(Beginning of Available records)

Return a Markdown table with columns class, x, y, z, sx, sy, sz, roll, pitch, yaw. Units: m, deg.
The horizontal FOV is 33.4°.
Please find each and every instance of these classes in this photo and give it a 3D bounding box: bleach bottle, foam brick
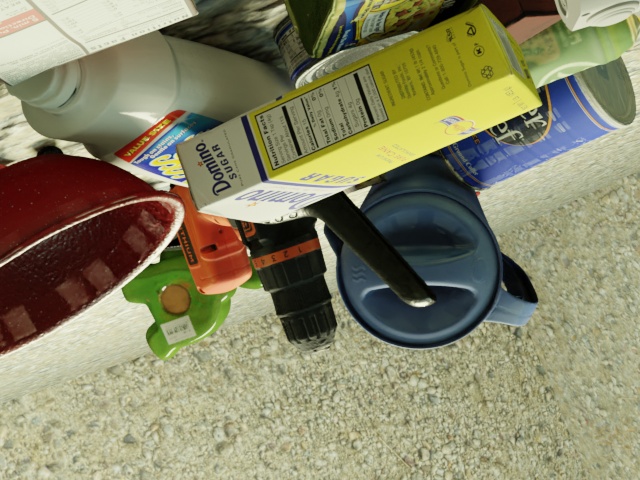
| class | x | y | z | sx | sy | sz | roll | pitch | yaw |
| --- | --- | --- | --- | --- | --- | --- | --- | --- | --- |
| bleach bottle | -0.090 | -0.072 | 0.596 | 0.103 | 0.068 | 0.250 | -23 | 171 | 21 |
| foam brick | 0.100 | -0.142 | 0.650 | 0.052 | 0.051 | 0.078 | -16 | 172 | -46 |

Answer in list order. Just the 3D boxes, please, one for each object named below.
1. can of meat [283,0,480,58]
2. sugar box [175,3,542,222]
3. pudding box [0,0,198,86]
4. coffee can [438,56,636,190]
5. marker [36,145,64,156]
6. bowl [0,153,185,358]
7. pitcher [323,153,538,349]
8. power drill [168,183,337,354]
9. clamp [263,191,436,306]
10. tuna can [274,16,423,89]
| class | x | y | z | sx | sy | sz | roll | pitch | yaw |
| --- | --- | --- | --- | --- | --- | --- | --- | --- | --- |
| can of meat | 0.031 | -0.131 | 0.507 | 0.084 | 0.057 | 0.102 | -18 | 173 | -11 |
| sugar box | 0.022 | -0.061 | 0.566 | 0.176 | 0.048 | 0.093 | -25 | 168 | 18 |
| pudding box | -0.101 | -0.102 | 0.406 | 0.090 | 0.039 | 0.113 | -22 | 175 | 1 |
| coffee can | 0.174 | -0.114 | 0.888 | 0.141 | 0.103 | 0.102 | -25 | 172 | 36 |
| marker | -0.179 | -0.043 | 0.735 | 0.020 | 0.020 | 0.121 | -20 | 174 | -10 |
| bowl | -0.152 | 0.004 | 0.555 | 0.162 | 0.055 | 0.162 | -34 | 170 | -7 |
| pitcher | 0.099 | -0.001 | 0.955 | 0.145 | 0.149 | 0.242 | -20 | -168 | 12 |
| power drill | -0.056 | 0.001 | 0.849 | 0.057 | 0.184 | 0.188 | -17 | -178 | -26 |
| clamp | 0.001 | -0.062 | 0.724 | 0.210 | 0.164 | 0.036 | 18 | -177 | 15 |
| tuna can | 0.018 | -0.121 | 0.640 | 0.086 | 0.034 | 0.086 | -21 | 174 | -3 |
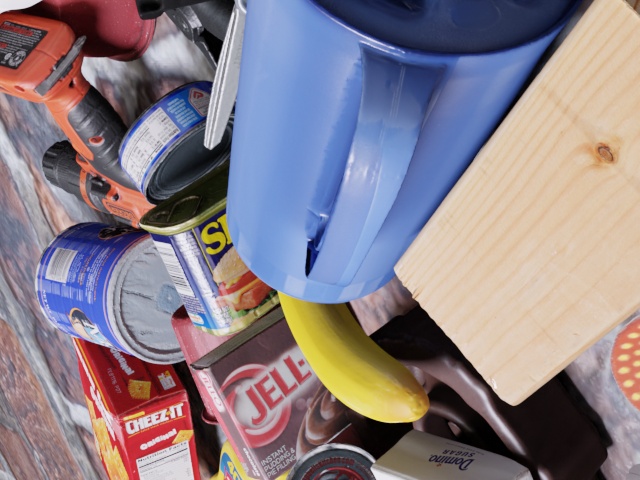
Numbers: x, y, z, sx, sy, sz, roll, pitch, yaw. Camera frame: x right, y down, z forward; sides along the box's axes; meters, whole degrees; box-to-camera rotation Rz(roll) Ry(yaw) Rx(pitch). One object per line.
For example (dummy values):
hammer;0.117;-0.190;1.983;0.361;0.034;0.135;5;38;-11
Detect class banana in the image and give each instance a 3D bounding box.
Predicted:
banana;0.008;0.043;0.624;0.198;0.037;0.070;-116;32;-43

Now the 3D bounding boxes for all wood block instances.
wood block;0.122;-0.022;0.443;0.091;0.090;0.206;50;149;12

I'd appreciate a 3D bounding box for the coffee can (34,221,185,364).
coffee can;-0.157;0.039;0.870;0.141;0.102;0.103;6;124;52

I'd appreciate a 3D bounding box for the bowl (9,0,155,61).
bowl;-0.186;-0.190;0.744;0.162;0.055;0.162;35;144;31

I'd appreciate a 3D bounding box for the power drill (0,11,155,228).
power drill;-0.182;-0.084;0.779;0.185;0.057;0.187;16;156;38

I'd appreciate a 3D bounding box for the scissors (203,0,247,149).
scissors;-0.014;-0.130;0.532;0.016;0.096;0.202;-93;4;-51

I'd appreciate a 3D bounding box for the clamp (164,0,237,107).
clamp;-0.064;-0.129;0.646;0.171;0.039;0.120;52;158;24

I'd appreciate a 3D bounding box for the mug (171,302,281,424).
mug;-0.059;0.075;0.797;0.117;0.093;0.081;-95;-16;-78

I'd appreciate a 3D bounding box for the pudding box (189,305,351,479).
pudding box;-0.020;0.095;0.722;0.039;0.113;0.090;-3;116;59

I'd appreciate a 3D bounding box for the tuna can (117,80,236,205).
tuna can;-0.089;-0.064;0.698;0.034;0.086;0.086;49;148;15

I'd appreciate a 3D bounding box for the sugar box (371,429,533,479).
sugar box;0.101;0.197;0.617;0.094;0.048;0.176;8;125;52

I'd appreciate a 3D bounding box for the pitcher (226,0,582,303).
pitcher;0.018;-0.058;0.500;0.145;0.149;0.243;52;154;18

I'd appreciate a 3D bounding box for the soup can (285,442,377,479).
soup can;0.017;0.178;0.699;0.068;0.068;0.102;41;167;23

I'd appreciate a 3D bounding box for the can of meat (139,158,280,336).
can of meat;-0.055;0.001;0.697;0.058;0.102;0.084;10;128;51

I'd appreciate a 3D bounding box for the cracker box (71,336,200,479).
cracker box;-0.176;0.166;1.006;0.164;0.072;0.214;52;154;41
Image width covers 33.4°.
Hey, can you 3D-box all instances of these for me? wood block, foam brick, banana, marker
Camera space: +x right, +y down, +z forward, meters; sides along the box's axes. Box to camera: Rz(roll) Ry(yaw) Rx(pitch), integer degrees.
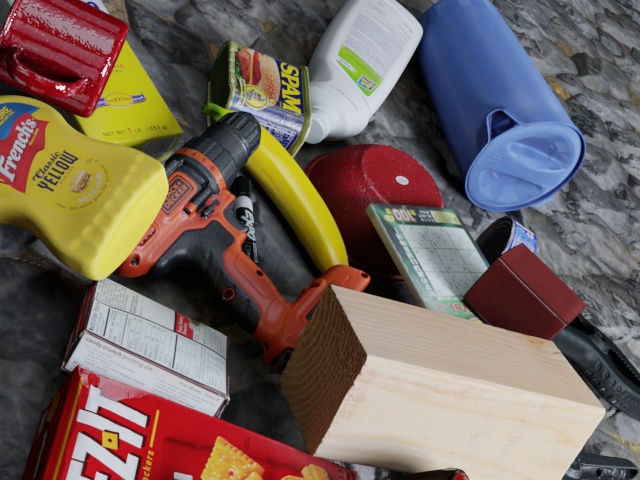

(End of Available records)

Write out, word for word, the stretch of entries that begins at the line with "The horizontal FOV is 33.4°." and ends at the line with "9. clamp [263,191,436,306]". Pictures do not belong in it.

* Your solution *
The horizontal FOV is 33.4°.
Please find each and every instance of these classes in this photo and give it a 3D bounding box: bleach bottle, foam brick
| class | x | y | z | sx | sy | sz | roll | pitch | yaw |
| --- | --- | --- | --- | --- | --- | --- | --- | --- | --- |
| bleach bottle | -0.090 | -0.072 | 0.596 | 0.103 | 0.068 | 0.250 | -23 | 171 | 21 |
| foam brick | 0.100 | -0.142 | 0.650 | 0.052 | 0.051 | 0.078 | -16 | 172 | -46 |

Answer in list order. Just the 3D boxes, please, one for each object named below.
1. can of meat [283,0,480,58]
2. sugar box [175,3,542,222]
3. pudding box [0,0,198,86]
4. coffee can [438,56,636,190]
5. marker [36,145,64,156]
6. bowl [0,153,185,358]
7. pitcher [323,153,538,349]
8. power drill [168,183,337,354]
9. clamp [263,191,436,306]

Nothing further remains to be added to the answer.